Problem details:
Go through the records below and copy out every line holding "drums".

The input:
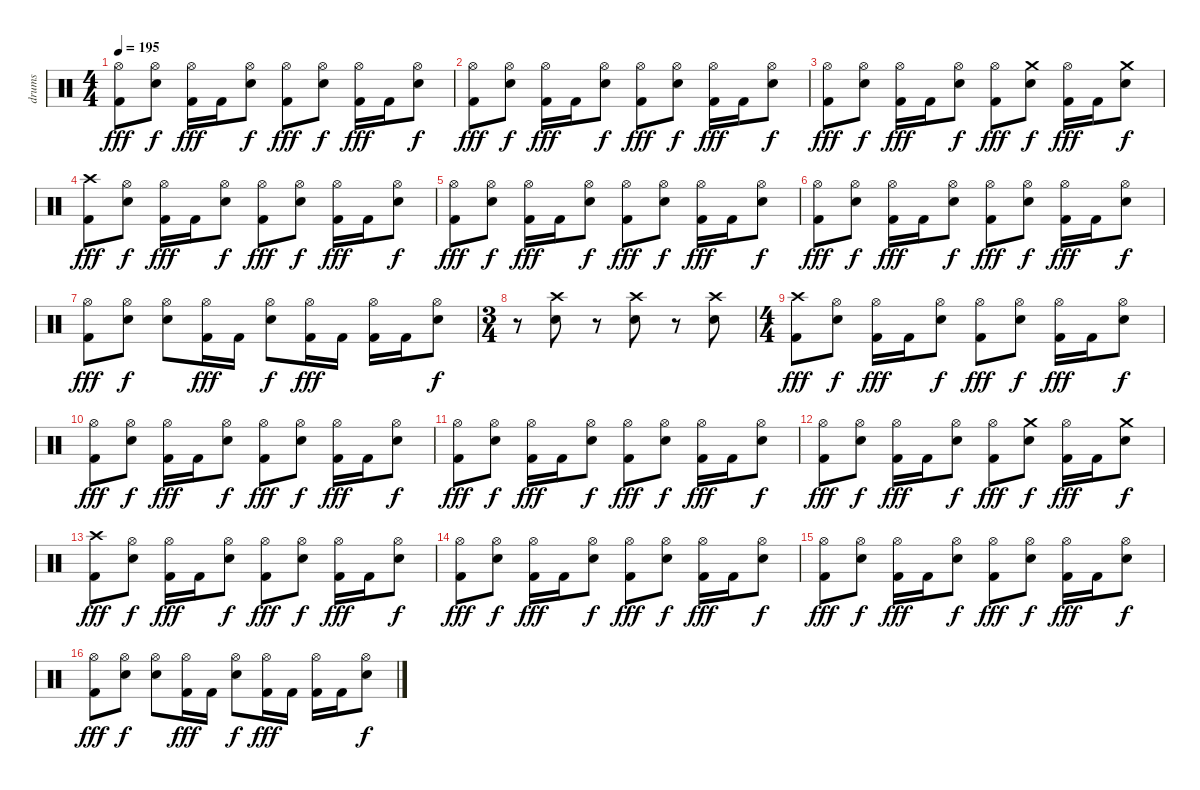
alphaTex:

\track ("drums" "drums") {instrument percussion}
\staff {score}
\articulation defaults
\ts (4 4)
\tempo 195
\clef neutral
\ks c
("Hi-Hat (open)" "Kick (hit) 2").8{dy fff} ("Hi-Hat (open)" "Snare (hit) 2").8{dy f} ("Hi-Hat (open)" "Kick (hit) 2").16{dy fff} "Kick (hit) 2".16 ("Hi-Hat (open)" "Snare (hit) 2").8{dy f} ("Hi-Hat (open)" "Kick (hit) 2").8{dy fff} ("Hi-Hat (open)" "Snare (hit) 2").8{dy f} ("Hi-Hat (open)" "Kick (hit) 2").16{dy fff} "Kick (hit) 2".16 ("Hi-Hat (open)" "Snare (hit) 2").8{dy f} |
("Hi-Hat (open)" "Kick (hit) 2").8{dy fff} ("Hi-Hat (open)" "Snare (hit) 2").8{dy f} ("Hi-Hat (open)" "Kick (hit) 2").16{dy fff} "Kick (hit) 2".16 ("Hi-Hat (open)" "Snare (hit) 2").8{dy f} ("Hi-Hat (open)" "Kick (hit) 2").8{dy fff} ("Hi-Hat (open)" "Snare (hit) 2").8{dy f} ("Hi-Hat (open)" "Kick (hit) 2").16{dy fff} "Kick (hit) 2".16 ("Hi-Hat (open)" "Snare (hit) 2").8{dy f} |
("Hi-Hat (open)" "Kick (hit) 2").8{dy fff} ("Hi-Hat (open)" "Snare (hit) 2").8{dy f} ("Hi-Hat (open)" "Kick (hit) 2").16{dy fff} "Kick (hit) 2".16 ("Hi-Hat (open)" "Snare (hit) 2").8{dy f} ("Hi-Hat (open)" "Kick (hit) 2").8{dy fff} ("Crash medium (hit)" "Snare (hit) 2").8{dy f} ("Hi-Hat (open)" "Kick (hit) 2").16{dy fff} "Kick (hit) 2".16 ("Crash medium (hit)" "Snare (hit) 2").8{dy f} |
("Crash high (hit)" "Kick (hit) 2").8{dy fff} ("Hi-Hat (open)" "Snare (hit) 2").8{dy f} ("Hi-Hat (open)" "Kick (hit) 2").16{dy fff} "Kick (hit) 2".16 ("Hi-Hat (open)" "Snare (hit) 2").8{dy f} ("Hi-Hat (open)" "Kick (hit) 2").8{dy fff} ("Hi-Hat (open)" "Snare (hit) 2").8{dy f} ("Hi-Hat (open)" "Kick (hit) 2").16{dy fff} "Kick (hit) 2".16 ("Hi-Hat (open)" "Snare (hit) 2").8{dy f} |
("Hi-Hat (open)" "Kick (hit) 2").8{dy fff} ("Hi-Hat (open)" "Snare (hit) 2").8{dy f} ("Hi-Hat (open)" "Kick (hit) 2").16{dy fff} "Kick (hit) 2".16 ("Hi-Hat (open)" "Snare (hit) 2").8{dy f} ("Hi-Hat (open)" "Kick (hit) 2").8{dy fff} ("Hi-Hat (open)" "Snare (hit) 2").8{dy f} ("Hi-Hat (open)" "Kick (hit) 2").16{dy fff} "Kick (hit) 2".16 ("Hi-Hat (open)" "Snare (hit) 2").8{dy f} |
("Hi-Hat (open)" "Kick (hit) 2").8{dy fff} ("Hi-Hat (open)" "Snare (hit) 2").8{dy f} ("Hi-Hat (open)" "Kick (hit) 2").16{dy fff} "Kick (hit) 2".16 ("Hi-Hat (open)" "Snare (hit) 2").8{dy f} ("Hi-Hat (open)" "Kick (hit) 2").8{dy fff} ("Hi-Hat (open)" "Snare (hit) 2").8{dy f} ("Hi-Hat (open)" "Kick (hit) 2").16{dy fff} "Kick (hit) 2".16 ("Hi-Hat (open)" "Snare (hit) 2").8{dy f} |
("Hi-Hat (open)" "Kick (hit) 2").8{dy fff} ("Hi-Hat (open)" "Snare (hit) 2").8{dy f} ("Hi-Hat (open)" "Snare (hit) 2").8 ("Hi-Hat (open)" "Kick (hit) 2").16{dy fff} "Kick (hit) 2".16 ("Hi-Hat (open)" "Snare (hit) 2").8{dy f} ("Hi-Hat (open)" "Kick (hit) 2").16{dy fff} "Kick (hit) 2".16 ("Hi-Hat (open)" "Kick (hit) 2").16 "Kick (hit) 2".16 ("Hi-Hat (open)" "Snare (hit) 2").8{dy f} |
\ts (3 4)
r.8 ("Crash high (hit)" "Snare (hit) 2").8 r.8 ("Crash high (hit)" "Snare (hit) 2").8 r.8 ("Crash high (hit)" "Snare (hit) 2").8 |
\ts (4 4)
("Crash high (hit)" "Kick (hit) 2").8{dy fff} ("Hi-Hat (open)" "Snare (hit) 2").8{dy f} ("Hi-Hat (open)" "Kick (hit) 2").16{dy fff} "Kick (hit) 2".16 ("Hi-Hat (open)" "Snare (hit) 2").8{dy f} ("Hi-Hat (open)" "Kick (hit) 2").8{dy fff} ("Hi-Hat (open)" "Snare (hit) 2").8{dy f} ("Hi-Hat (open)" "Kick (hit) 2").16{dy fff} "Kick (hit) 2".16 ("Hi-Hat (open)" "Snare (hit) 2").8{dy f} |
("Hi-Hat (open)" "Kick (hit) 2").8{dy fff} ("Hi-Hat (open)" "Snare (hit) 2").8{dy f} ("Hi-Hat (open)" "Kick (hit) 2").16{dy fff} "Kick (hit) 2".16 ("Hi-Hat (open)" "Snare (hit) 2").8{dy f} ("Hi-Hat (open)" "Kick (hit) 2").8{dy fff} ("Hi-Hat (open)" "Snare (hit) 2").8{dy f} ("Hi-Hat (open)" "Kick (hit) 2").16{dy fff} "Kick (hit) 2".16 ("Hi-Hat (open)" "Snare (hit) 2").8{dy f} |
("Hi-Hat (open)" "Kick (hit) 2").8{dy fff} ("Hi-Hat (open)" "Snare (hit) 2").8{dy f} ("Hi-Hat (open)" "Kick (hit) 2").16{dy fff} "Kick (hit) 2".16 ("Hi-Hat (open)" "Snare (hit) 2").8{dy f} ("Hi-Hat (open)" "Kick (hit) 2").8{dy fff} ("Hi-Hat (open)" "Snare (hit) 2").8{dy f} ("Hi-Hat (open)" "Kick (hit) 2").16{dy fff} "Kick (hit) 2".16 ("Hi-Hat (open)" "Snare (hit) 2").8{dy f} |
("Hi-Hat (open)" "Kick (hit) 2").8{dy fff} ("Hi-Hat (open)" "Snare (hit) 2").8{dy f} ("Hi-Hat (open)" "Kick (hit) 2").16{dy fff} "Kick (hit) 2".16 ("Hi-Hat (open)" "Snare (hit) 2").8{dy f} ("Hi-Hat (open)" "Kick (hit) 2").8{dy fff} ("Crash medium (hit)" "Snare (hit) 2").8{dy f} ("Hi-Hat (open)" "Kick (hit) 2").16{dy fff} "Kick (hit) 2".16 ("Crash medium (hit)" "Snare (hit) 2").8{dy f} |
("Crash high (hit)" "Kick (hit) 2").8{dy fff} ("Hi-Hat (open)" "Snare (hit) 2").8{dy f} ("Hi-Hat (open)" "Kick (hit) 2").16{dy fff} "Kick (hit) 2".16 ("Hi-Hat (open)" "Snare (hit) 2").8{dy f} ("Hi-Hat (open)" "Kick (hit) 2").8{dy fff} ("Hi-Hat (open)" "Snare (hit) 2").8{dy f} ("Hi-Hat (open)" "Kick (hit) 2").16{dy fff} "Kick (hit) 2".16 ("Hi-Hat (open)" "Snare (hit) 2").8{dy f} |
("Hi-Hat (open)" "Kick (hit) 2").8{dy fff} ("Hi-Hat (open)" "Snare (hit) 2").8{dy f} ("Hi-Hat (open)" "Kick (hit) 2").16{dy fff} "Kick (hit) 2".16 ("Hi-Hat (open)" "Snare (hit) 2").8{dy f} ("Hi-Hat (open)" "Kick (hit) 2").8{dy fff} ("Hi-Hat (open)" "Snare (hit) 2").8{dy f} ("Hi-Hat (open)" "Kick (hit) 2").16{dy fff} "Kick (hit) 2".16 ("Hi-Hat (open)" "Snare (hit) 2").8{dy f} |
("Hi-Hat (open)" "Kick (hit) 2").8{dy fff} ("Hi-Hat (open)" "Snare (hit) 2").8{dy f} ("Hi-Hat (open)" "Kick (hit) 2").16{dy fff} "Kick (hit) 2".16 ("Hi-Hat (open)" "Snare (hit) 2").8{dy f} ("Hi-Hat (open)" "Kick (hit) 2").8{dy fff} ("Hi-Hat (open)" "Snare (hit) 2").8{dy f} ("Hi-Hat (open)" "Kick (hit) 2").16{dy fff} "Kick (hit) 2".16 ("Hi-Hat (open)" "Snare (hit) 2").8{dy f} |
("Hi-Hat (open)" "Kick (hit) 2").8{dy fff} ("Hi-Hat (open)" "Snare (hit) 2").8{dy f} ("Hi-Hat (open)" "Snare (hit) 2").8 ("Hi-Hat (open)" "Kick (hit) 2").16{dy fff} "Kick (hit) 2".16 ("Hi-Hat (open)" "Snare (hit) 2").8{dy f} ("Hi-Hat (open)" "Kick (hit) 2").16{dy fff} "Kick (hit) 2".16 ("Hi-Hat (open)" "Kick (hit) 2").16 "Kick (hit) 2".16 ("Hi-Hat (open)" "Snare (hit) 2").8{dy f}
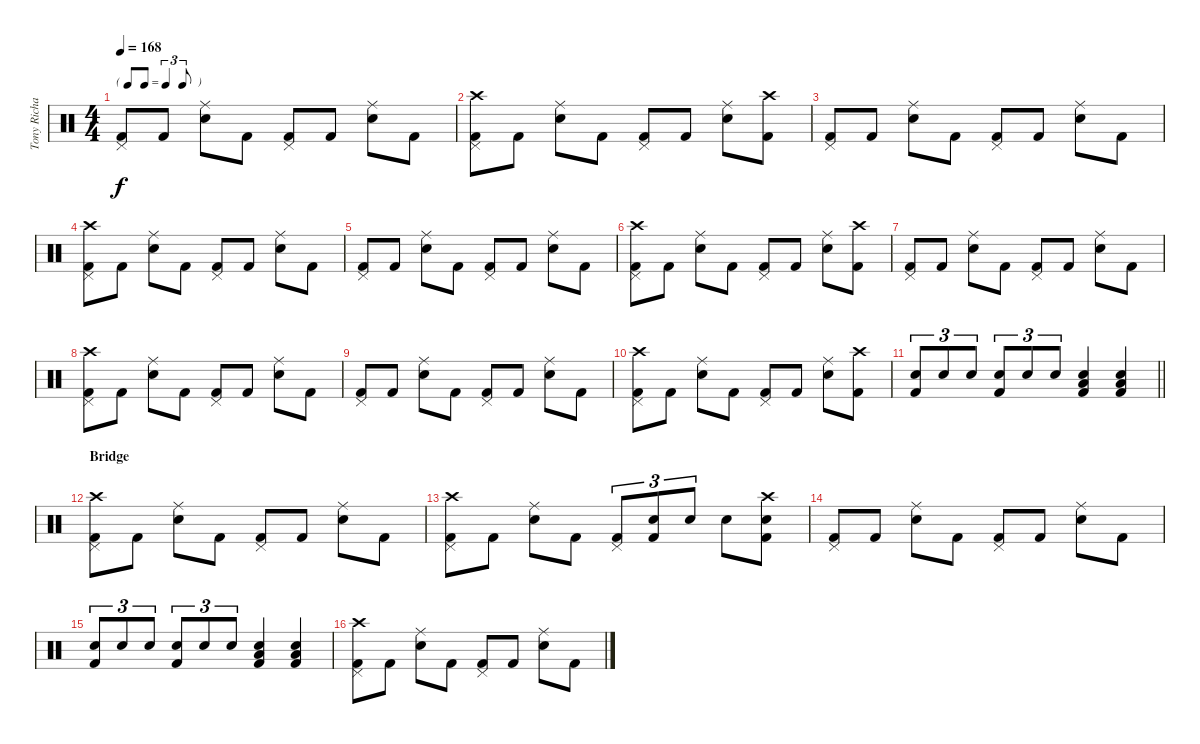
\track ("Tony Richards (drums)" "Tony Richa") {instrument percussion}
\staff {score}
\articulation defaults
\ts (4 4)
\tf triplet8th
\tempo 168
\clef neutral
\ks c
("Pedal Hi-Hat (hit)" "Kick (hit) 2").8{dy f} "Kick (hit) 2".8 ("Ride (middle)" "Snare (hit) 2").8 "Kick (hit) 2".8 ("Pedal Hi-Hat (hit)" "Kick (hit) 2").8 "Kick (hit) 2".8 ("Ride (middle)" "Snare (hit) 2").8 "Kick (hit) 2".8 |
("Crash high (hit)" "Pedal Hi-Hat (hit)" "Kick (hit) 2").8 "Kick (hit) 2".8 ("Ride (middle)" "Snare (hit) 2").8 "Kick (hit) 2".8 ("Pedal Hi-Hat (hit)" "Kick (hit) 2").8 "Kick (hit) 2".8 ("Ride (middle)" "Snare (hit) 2").8 ("Crash high (hit)" "Kick (hit) 2").8 |
("Pedal Hi-Hat (hit)" "Kick (hit) 2").8 "Kick (hit) 2".8 ("Ride (middle)" "Snare (hit) 2").8 "Kick (hit) 2".8 ("Pedal Hi-Hat (hit)" "Kick (hit) 2").8 "Kick (hit) 2".8 ("Ride (middle)" "Snare (hit) 2").8 "Kick (hit) 2".8 |
("Crash high (hit)" "Pedal Hi-Hat (hit)" "Kick (hit) 2").8 "Kick (hit) 2".8 ("Ride (middle)" "Snare (hit) 2").8 "Kick (hit) 2".8 ("Pedal Hi-Hat (hit)" "Kick (hit) 2").8 "Kick (hit) 2".8 ("Ride (middle)" "Snare (hit) 2").8 "Kick (hit) 2".8 |
("Pedal Hi-Hat (hit)" "Kick (hit) 2").8 "Kick (hit) 2".8 ("Ride (middle)" "Snare (hit) 2").8 "Kick (hit) 2".8 ("Pedal Hi-Hat (hit)" "Kick (hit) 2").8 "Kick (hit) 2".8 ("Ride (middle)" "Snare (hit) 2").8 "Kick (hit) 2".8 |
("Crash high (hit)" "Pedal Hi-Hat (hit)" "Kick (hit) 2").8 "Kick (hit) 2".8 ("Ride (middle)" "Snare (hit) 2").8 "Kick (hit) 2".8 ("Pedal Hi-Hat (hit)" "Kick (hit) 2").8 "Kick (hit) 2".8 ("Ride (middle)" "Snare (hit) 2").8 ("Crash high (hit)" "Kick (hit) 2").8 |
("Pedal Hi-Hat (hit)" "Kick (hit) 2").8 "Kick (hit) 2".8 ("Ride (middle)" "Snare (hit) 2").8 "Kick (hit) 2".8 ("Pedal Hi-Hat (hit)" "Kick (hit) 2").8 "Kick (hit) 2".8 ("Ride (middle)" "Snare (hit) 2").8 "Kick (hit) 2".8 |
("Crash high (hit)" "Pedal Hi-Hat (hit)" "Kick (hit) 2").8 "Kick (hit) 2".8 ("Ride (middle)" "Snare (hit) 2").8 "Kick (hit) 2".8 ("Pedal Hi-Hat (hit)" "Kick (hit) 2").8 "Kick (hit) 2".8 ("Ride (middle)" "Snare (hit) 2").8 "Kick (hit) 2".8 |
("Pedal Hi-Hat (hit)" "Kick (hit) 2").8 "Kick (hit) 2".8 ("Ride (middle)" "Snare (hit) 2").8 "Kick (hit) 2".8 ("Pedal Hi-Hat (hit)" "Kick (hit) 2").8 "Kick (hit) 2".8 ("Ride (middle)" "Snare (hit) 2").8 "Kick (hit) 2".8 |
("Crash high (hit)" "Pedal Hi-Hat (hit)" "Kick (hit) 2").8 "Kick (hit) 2".8 ("Ride (middle)" "Snare (hit) 2").8 "Kick (hit) 2".8 ("Pedal Hi-Hat (hit)" "Kick (hit) 2").8 "Kick (hit) 2".8 ("Ride (middle)" "Snare (hit) 2").8 ("Crash high (hit)" "Kick (hit) 2").8 |
\barLineRight lightlight
("Snare (hit) 2" "Kick (hit) 2").8{tu (3 2)} "Snare (hit) 2".8{tu (3 2)} "Snare (hit) 2".8{tu (3 2)} ("Snare (hit) 2" "Kick (hit) 2").8{tu (3 2)} "Snare (hit) 2".8{tu (3 2)} "Snare (hit) 2".8{tu (3 2)} ("Low Floor Tom (hit)" "Snare (hit) 2" "Kick (hit) 2").4 ("Low Floor Tom (hit)" "Snare (hit) 2" "Kick (hit) 2").4 |
\section ("" "Bridge")
("Crash high (hit)" "Pedal Hi-Hat (hit)" "Kick (hit) 2").8 "Kick (hit) 2".8 ("Ride (middle)" "Snare (hit) 2").8 "Kick (hit) 2".8 ("Pedal Hi-Hat (hit)" "Kick (hit) 2").8 "Kick (hit) 2".8 ("Ride (middle)" "Snare (hit) 2").8 "Kick (hit) 2".8 |
("Crash high (hit)" "Pedal Hi-Hat (hit)" "Kick (hit) 2").8 "Kick (hit) 2".8 ("Ride (middle)" "Snare (hit) 2").8 "Kick (hit) 2".8 ("Pedal Hi-Hat (hit)" "Kick (hit) 2").8{tu (3 2)} ("Snare (hit) 2" "Kick (hit) 2").8{tu (3 2)} "Snare (hit) 2".8{tu (3 2)} "Snare (hit) 2".8 ("Crash high (hit)" "Snare (hit) 2" "Kick (hit) 2").8 |
("Pedal Hi-Hat (hit)" "Kick (hit) 2").8 "Kick (hit) 2".8 ("Ride (middle)" "Snare (hit) 2").8 "Kick (hit) 2".8 ("Pedal Hi-Hat (hit)" "Kick (hit) 2").8 "Kick (hit) 2".8 ("Ride (middle)" "Snare (hit) 2").8 "Kick (hit) 2".8 |
("Snare (hit) 2" "Kick (hit) 2").8{tu (3 2)} "Snare (hit) 2".8{tu (3 2)} "Snare (hit) 2".8{tu (3 2)} ("Snare (hit) 2" "Kick (hit) 2").8{tu (3 2)} "Snare (hit) 2".8{tu (3 2)} "Snare (hit) 2".8{tu (3 2)} ("Low Floor Tom (hit)" "Snare (hit) 2" "Kick (hit) 2").4 ("Low Floor Tom (hit)" "Snare (hit) 2" "Kick (hit) 2").4 |
("Crash high (hit)" "Pedal Hi-Hat (hit)" "Kick (hit) 2").8 "Kick (hit) 2".8 ("Ride (middle)" "Snare (hit) 2").8 "Kick (hit) 2".8 ("Pedal Hi-Hat (hit)" "Kick (hit) 2").8 "Kick (hit) 2".8 ("Ride (middle)" "Snare (hit) 2").8 "Kick (hit) 2".8

Output below:
\track ("drums" "drums") {instrument percussion}
\track ("Tony Richards (drums)" "Tony Richa") {instrument percussion}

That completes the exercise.